Authored by rafacost

Created 2 months ago

Updated 23 days ago

2 stars

A ComfyUI custom node for DreamOmni2 GGUF multimodal models — powered directly by llama-cpp-python.

Custom Nodes (0)

README

ComfyUI-DreamOmni2-GGUF

A ComfyUI custom node for DreamOmni2 GGUF multimodal models — powered directly by llama-cpp-python, no external executables required.

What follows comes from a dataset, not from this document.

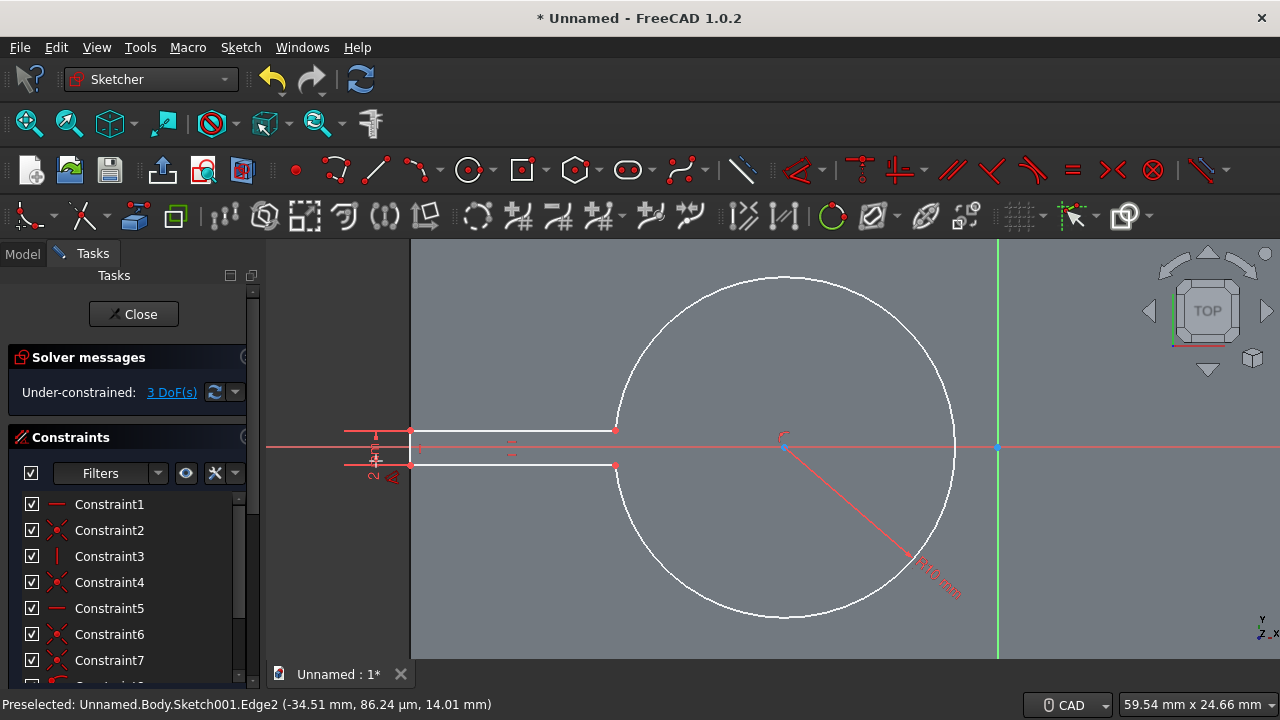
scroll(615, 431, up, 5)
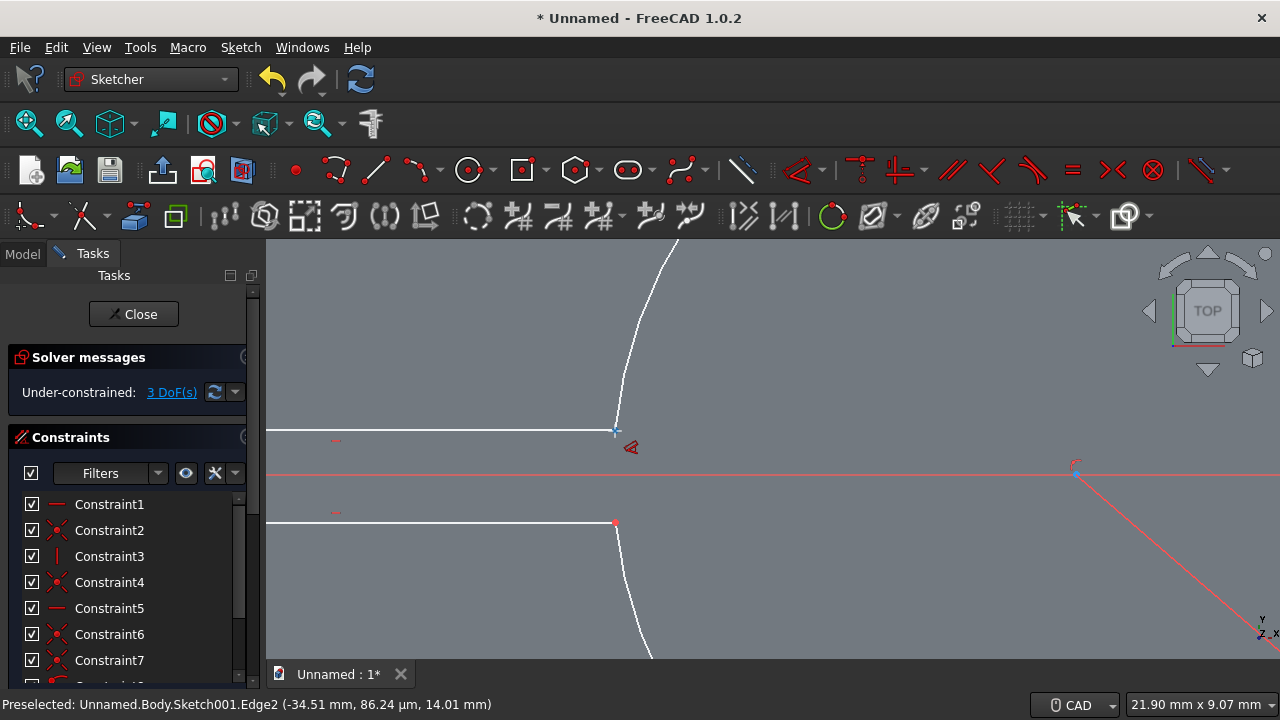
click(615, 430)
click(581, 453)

⚠️ Work in Progress — use at your own risk. <sub>(Or better: fork and help improve it.)</sub>

✨ Features

Run DreamOmni2 GGUF models natively inside ComfyUI.
Full image + text multimodal support through the llama-cpp-python backend.
Accepts up to four image inputs simultaneously.
Outputs either:
- conditioning embeddings (for generation workflows), or
- text descriptions (for captioning or analysis).
Built-in seeded cache system for deterministic results across sessions.
No dependency on external binaries or CLI tools.

🧩 Prerequisites

Requires Python ≥ 3.12 and a working ComfyUI ≥ 0.3.66.

Install dependencies (CPU or CUDA builds supported):

pip install -r requirements.txt

requirements.txt

torch>=2.2.0
numpy
Pillow
scikit-build-core
llama-cpp-python>=0.3.16

For CUDA acceleration, install the matching wheel from llama-cpp-python (CUDA builds).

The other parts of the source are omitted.